(Extracted data entries)
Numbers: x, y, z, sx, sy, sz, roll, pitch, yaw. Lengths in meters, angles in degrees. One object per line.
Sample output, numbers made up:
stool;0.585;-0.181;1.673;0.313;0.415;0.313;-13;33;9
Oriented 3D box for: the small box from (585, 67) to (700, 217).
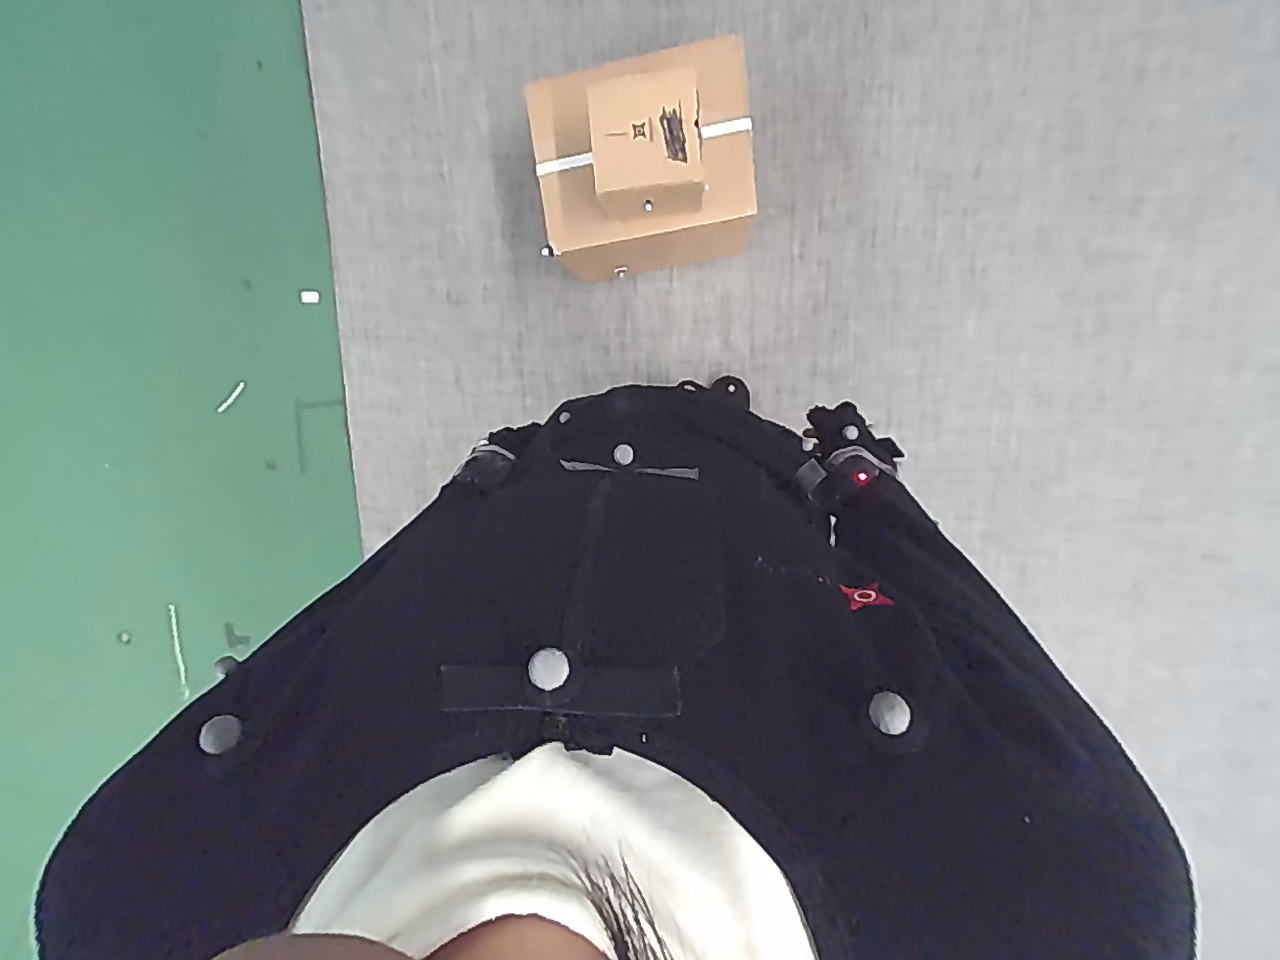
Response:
small box;0.012;-0.572;0.938;0.179;0.176;0.168;-3;101;8

About this exercise: What comes back should match the records exactly, minus any pictures.

Task response:
Numbers: x, y, z, sx, sy, sz, roll, pitch, yaw. Lengths in meters, angles in degrees. One object per line.
Sample output, numbers made up:
stool;0.585;-0.181;1.673;0.313;0.415;0.313;-13;33;9
Oriented 3D box for: the small box from (585, 67) to (700, 217).
Response:
small box;0.012;-0.572;0.938;0.179;0.176;0.168;-3;101;8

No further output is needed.